C’est avec un grand soulagement que nous avons vu l’envolée générale du soutien à Salman Rushdie hier, après la tentative d’assassinat qu’il a subie et dont nous ne savons pas encore s’il sortira vivant (ou dans quel état) ; néanmoins cela ne nous a pas fait oublier que lors de la première fatwa - 14.02.89 - prêchant pour sa mise à mort, pour un roman supposé blasphématoire ( Les Versets Sataniques), bien de nos ami/es refusaient de le soutenir … pour toutes les raisons auxquelles nous nous sommes hélas, avec le temps, habitués : de il l’a bien cherché (comme ceux de Charlie Hebdo) à ce n’est même pas un bon écrivain (comme si les autres, mauvais écrivains, pouvaient bien crever – un argument soutenu alors par quelques amies pakistanaises par ailleurs intellectuelles, de gauche, et féministes - qui m’avait laissé coite).
Je me réjouis aussi très profondément qu’aux protestations concernant directement l’évènement d’hier et Rushdie lui-même, soit associé le souvenir de ceux qui ont été liquidés par les mêmes nazis-intégristes-brûleurs de livres pour la seule raison qu’ils ont participé à faire connaitre son oeuvre : traducteurs, éditeurs, etc…
Non, Rushdie n’a pas toujours eu la faveur des progressistes ni des organisations internationales de droits humains… Je me réjouis qu’il l’ait acquise depuis déjà quelques années.
Pourtant d’autres Rushdies sont actuellement pourchassés pour des raisons similaires et, pas plus que Rushdie à ses débuts, ne jouissent du soutien et de la protection sans conditions auxquels les tenants des droits humains se disent attachés (individus et organisations) : les vaillants dessinateurs humoristiques de Charlie Hebdos, l’enseignant laïque Samuel Paty, pour n’en citer que deux qui ont fait ces dernières années les gros titres de la presse internationale, continuent d’être très mollement plaints, car « mais » , disent les hypocrites, au fond, ils l’avaient bien cherché… Ecoutons Rushdie lui-même expliquer pourquoi, quand on lui dit : « je suis pour la liberté d’expression mais… », il cesse d’écouter…
Aujourd’hui même, l’éditeur Julian Assange se voit vilipendé, trainé dans la boue, soumis à la torture psychologique de l’isolement carcéral, menacé de prison à vie aux USA pour avoir rendu publics des crimes de guerre, commis par la même Amérique qui depuis hier hurle au scandale après la tentative d’assassinat de Salman Rushdie. Et le croiriez-vous ? les bonnes âmes disent d’Assange qu’il l’a bien cherché.
Serait-ce qu’il est plus acceptable d’incriminer l’Iran que les USA, dans le contexte international actuel ?

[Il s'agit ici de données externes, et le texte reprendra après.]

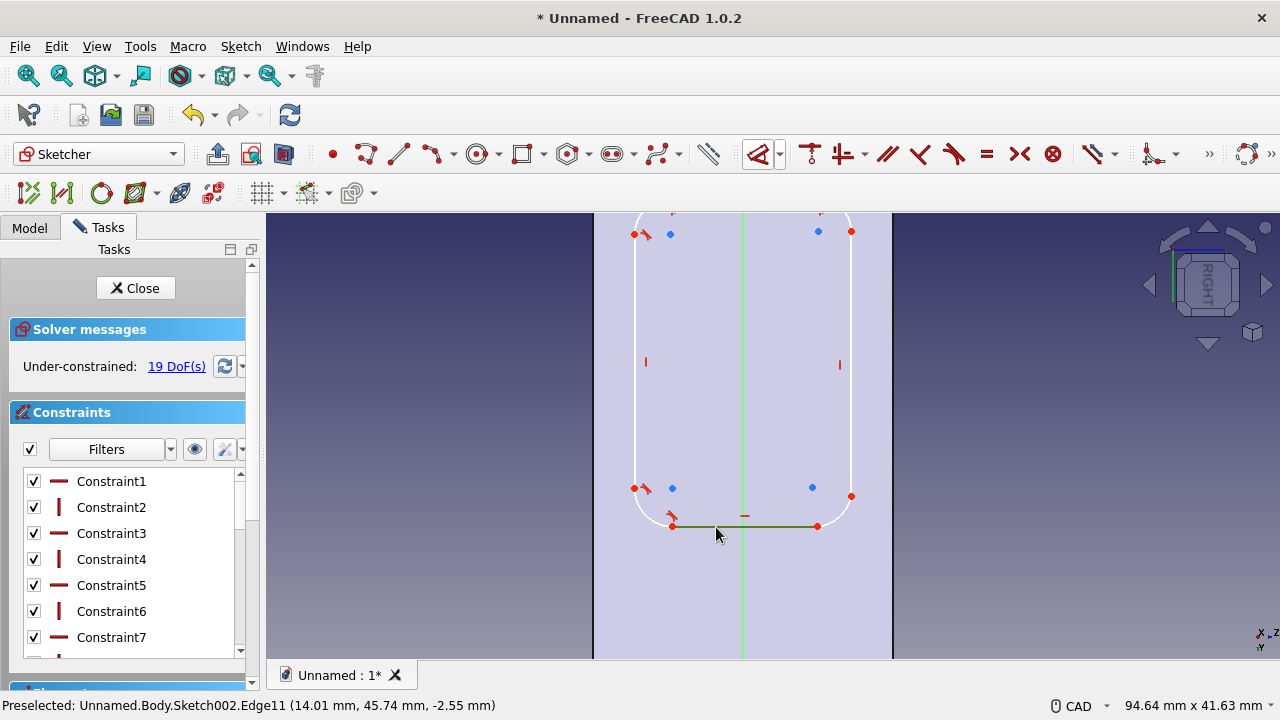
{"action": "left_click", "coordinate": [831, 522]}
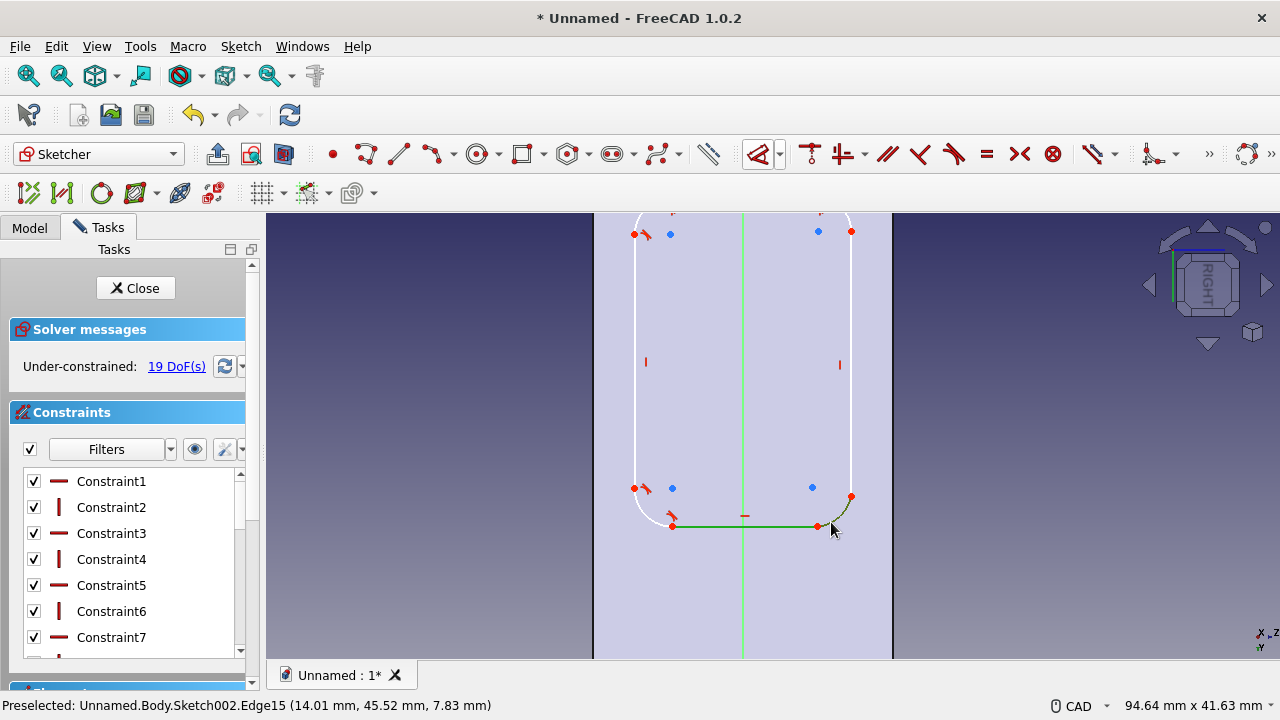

La défense de la liberté d’expression n’est jamais – jamais – indépendante de la politique (comme le prétendent les organisations internationales de droits humains) et nous devons nous montrer vigilants pour dénoncer l’instrumentalisation permanente des droits humains en général et de la liberté d’expression en particulier.
Oui, certains écrivains, éditeurs, traducteurs, etc… semblent bien encore aujourd’hui plus « méritants » que d’autres et plus dignes d’accéder à la liberté d’expression. Rushdie a franchi victorieusement cette étape en quelques décennies. Ce fut long. Avec son soutien et en son nom, veillons, aujourd’hui qu’il y a consensus sur le droit de Rushdie à la totale liberté d’expression, à ce que d’autres ne restent pas trop longtemps au purgatoire des droits humains.